> EXTRACTED DATA:
......
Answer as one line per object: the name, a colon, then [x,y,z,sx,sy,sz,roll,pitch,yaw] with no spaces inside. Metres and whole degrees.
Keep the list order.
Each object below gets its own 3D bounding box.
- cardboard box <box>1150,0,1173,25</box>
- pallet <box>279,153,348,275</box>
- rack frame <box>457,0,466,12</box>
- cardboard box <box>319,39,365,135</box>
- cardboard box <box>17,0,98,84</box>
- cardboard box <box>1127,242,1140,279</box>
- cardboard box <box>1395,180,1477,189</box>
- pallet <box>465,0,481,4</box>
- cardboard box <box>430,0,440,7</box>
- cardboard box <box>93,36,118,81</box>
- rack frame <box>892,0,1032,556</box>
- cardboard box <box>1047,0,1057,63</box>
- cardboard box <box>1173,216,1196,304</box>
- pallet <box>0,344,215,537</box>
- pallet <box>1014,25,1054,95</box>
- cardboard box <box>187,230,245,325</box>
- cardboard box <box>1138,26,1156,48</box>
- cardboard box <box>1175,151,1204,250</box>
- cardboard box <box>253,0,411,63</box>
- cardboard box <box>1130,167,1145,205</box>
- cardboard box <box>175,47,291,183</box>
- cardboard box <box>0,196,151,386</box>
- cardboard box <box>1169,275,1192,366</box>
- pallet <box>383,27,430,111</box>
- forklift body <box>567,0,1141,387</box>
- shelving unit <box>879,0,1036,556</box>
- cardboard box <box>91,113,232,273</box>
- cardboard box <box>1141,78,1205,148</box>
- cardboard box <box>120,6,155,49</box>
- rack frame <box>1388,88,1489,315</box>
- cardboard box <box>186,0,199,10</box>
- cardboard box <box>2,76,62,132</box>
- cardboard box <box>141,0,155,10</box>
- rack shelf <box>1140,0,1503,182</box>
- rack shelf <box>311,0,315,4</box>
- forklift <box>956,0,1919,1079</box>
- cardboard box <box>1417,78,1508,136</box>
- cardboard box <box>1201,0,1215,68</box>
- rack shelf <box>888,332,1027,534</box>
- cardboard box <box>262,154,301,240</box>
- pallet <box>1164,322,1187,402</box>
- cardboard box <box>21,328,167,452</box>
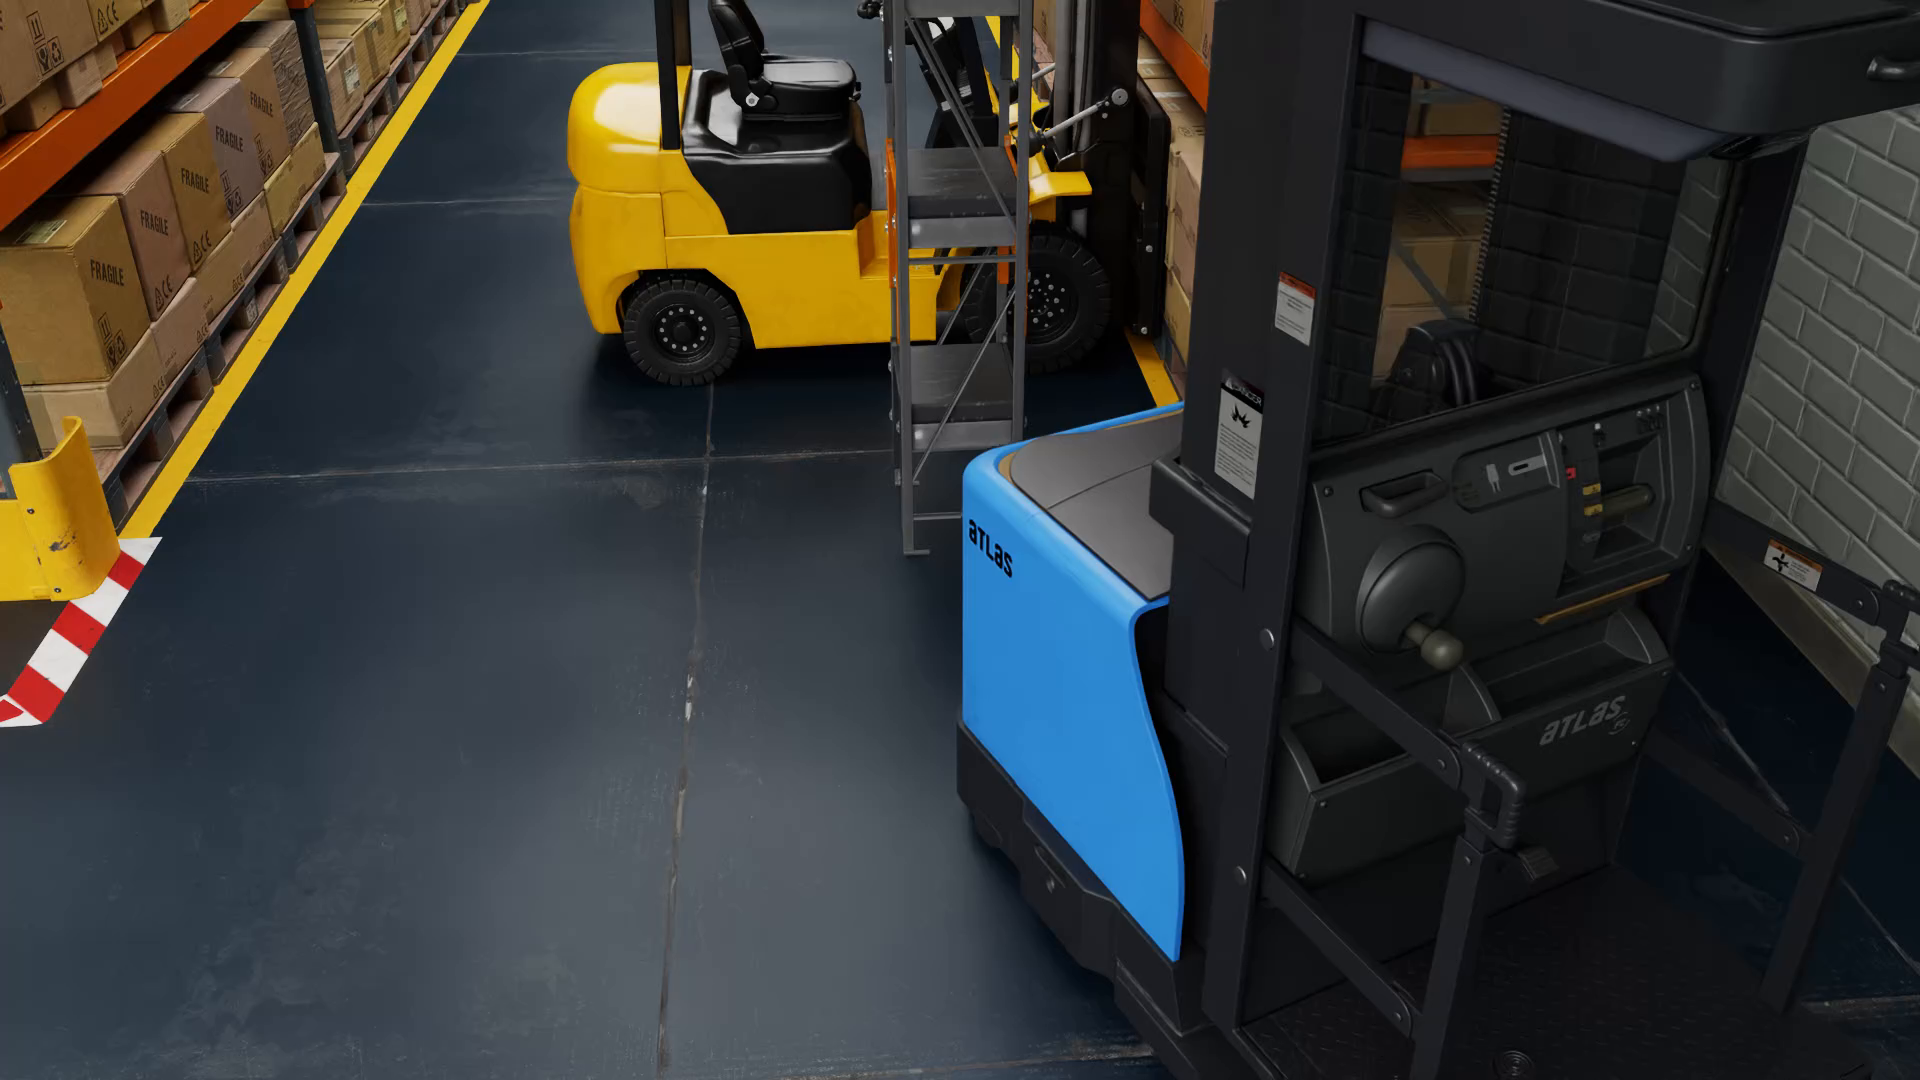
cardboard box: [1.063,-2.421,6.780,0.500,0.500,0.500,-3,31,-4]
pallet: [-3.702,-1.620,8.256,1.003,0.211,1.213,-3,31,-5]
rack frame: [-4.173,-5.201,11.532,1.000,3.000,0.127,-3,31,-5]
cardboard box: [-3.851,-2.478,9.127,0.950,0.372,0.625,-2,31,-4]
cardboard box: [-3.246,-1.806,5.461,0.500,0.500,0.500,-2,31,-3]
cardboard box: [1.012,-1.355,7.365,0.500,0.250,0.500,-2,31,-3]
cardboard box: [1.609,-1.294,6.289,0.500,0.250,0.500,-3,31,-5]
pallet: [-4.172,-4.410,12.927,1.003,0.211,1.213,-3,31,-5]
cardboard box: [-4.131,-3.964,11.614,0.950,0.372,0.625,-5,31,-8]
cardboard box: [-3.269,-1.722,5.952,0.380,0.149,0.250,-2,31,-3]
rack frame: [0.007,-0.861,5.144,0.400,2.100,0.015,-3,31,-5]
cardboard box: [1.017,-3.221,10.124,0.875,0.625,0.625,-3,31,-5]
cardboard box: [1.123,-1.060,6.385,0.500,0.250,0.500,-3,31,-5]
pallet: [-3.474,-0.374,6.171,1.003,0.211,1.213,-3,31,-5]
pallet: [0.917,-3.200,10.901,1.003,0.211,1.213,-3,31,-5]
cardboard box: [-3.330,-1.080,6.905,0.500,0.250,0.500,-1,31,-1]
cardboard box: [0.912,-2.304,7.978,0.500,0.250,0.500,-3,31,-5]
cardboard box: [1.109,-1.266,6.241,0.500,0.250,0.500,-2,31,-4]
cardboard box: [-3.988,-3.200,10.335,0.950,0.372,0.625,-2,31,-3]
cardboard box: [1.011,-1.579,7.252,0.500,0.250,0.500,-3,31,-5]
cardboard box: [-3.428,-1.931,7.599,0.500,0.500,0.500,-2,31,-4]
cardboard box: [-3.229,-0.875,5.831,0.500,0.500,0.500,-4,31,-6]
cardboard box: [1.120,-0.835,6.494,0.500,0.250,0.500,-3,31,-5]
pallet: [-3.991,-2.983,10.538,1.003,0.211,1.213,-3,31,-5]
forklift body: [-0.478,-1.872,6.787,2.313,2.155,1.214,-3,31,-5]
shelving unit: [-0.015,-0.986,5.353,0.431,2.100,0.503,-3,31,-5]
cardboard box: [-3.321,-1.398,6.707,0.500,0.500,0.500,-2,31,-4]
cardboard box: [1.012,-1.782,7.105,0.500,0.250,0.500,-3,31,-6]
cardboard box: [-3.349,-1.990,6.401,0.380,0.149,0.250,-4,31,-6]
rack frame: [1.516,-1.356,5.095,1.000,3.000,0.127,-3,31,-5]
cardboard box: [-3.374,-2.250,6.838,0.380,0.149,0.250,-3,31,-5]
cardboard box: [-3.233,-1.459,5.513,0.380,0.149,0.250,-4,31,-6]
cardboard box: [-3.350,-2.326,6.331,0.500,0.500,0.500,-3,31,-6]
rack shelf: [1.329,-2.068,6.989,1.077,0.370,4.000,-3,31,-5]
rack shelf: [-3.986,-3.871,10.007,1.077,0.370,4.000,-3,31,-5]
forklift: [1.126,0.008,2.878,1.130,2.935,3.031,-15,34,-24]
cardboard box: [1.746,-1.665,5.515,0.500,0.500,0.500,-2,31,-3]
cardboard box: [1.169,-1.903,5.913,0.500,0.500,0.500,-2,31,-3]
rack shelf: [-0.015,-0.373,5.719,0.431,0.518,0.480,-3,31,-5]
cardboard box: [-3.417,-1.598,7.772,0.500,0.250,0.500,-4,31,-6]
pallet: [1.403,-0.547,6.460,1.003,0.211,1.213,-3,31,-5]
cardboard box: [-3.226,-0.541,6.003,0.500,0.250,0.500,-3,31,-5]
......
> ACTIVITY:
Nothing should be returned except the lines from the first line of the data above through the line with "- pallet <box>383,27,430,111</box>", each one exact.

> EXERCISE ANSWER:
Answer as one line per object: the name, a colon, then [x,y,z,sx,sy,sz,roll,pitch,yaw] with no spaces inside. Metres and whole degrees.
Keep the list order.
Each object below gets its own 3D bounding box.
- cardboard box <box>1150,0,1173,25</box>
- pallet <box>279,153,348,275</box>
- rack frame <box>457,0,466,12</box>
- cardboard box <box>319,39,365,135</box>
- cardboard box <box>17,0,98,84</box>
- cardboard box <box>1127,242,1140,279</box>
- cardboard box <box>1395,180,1477,189</box>
- pallet <box>465,0,481,4</box>
- cardboard box <box>430,0,440,7</box>
- cardboard box <box>93,36,118,81</box>
- rack frame <box>892,0,1032,556</box>
- cardboard box <box>1047,0,1057,63</box>
- cardboard box <box>1173,216,1196,304</box>
- pallet <box>0,344,215,537</box>
- pallet <box>1014,25,1054,95</box>
- cardboard box <box>187,230,245,325</box>
- cardboard box <box>1138,26,1156,48</box>
- cardboard box <box>1175,151,1204,250</box>
- cardboard box <box>253,0,411,63</box>
- cardboard box <box>1130,167,1145,205</box>
- cardboard box <box>175,47,291,183</box>
- cardboard box <box>0,196,151,386</box>
- cardboard box <box>1169,275,1192,366</box>
- pallet <box>383,27,430,111</box>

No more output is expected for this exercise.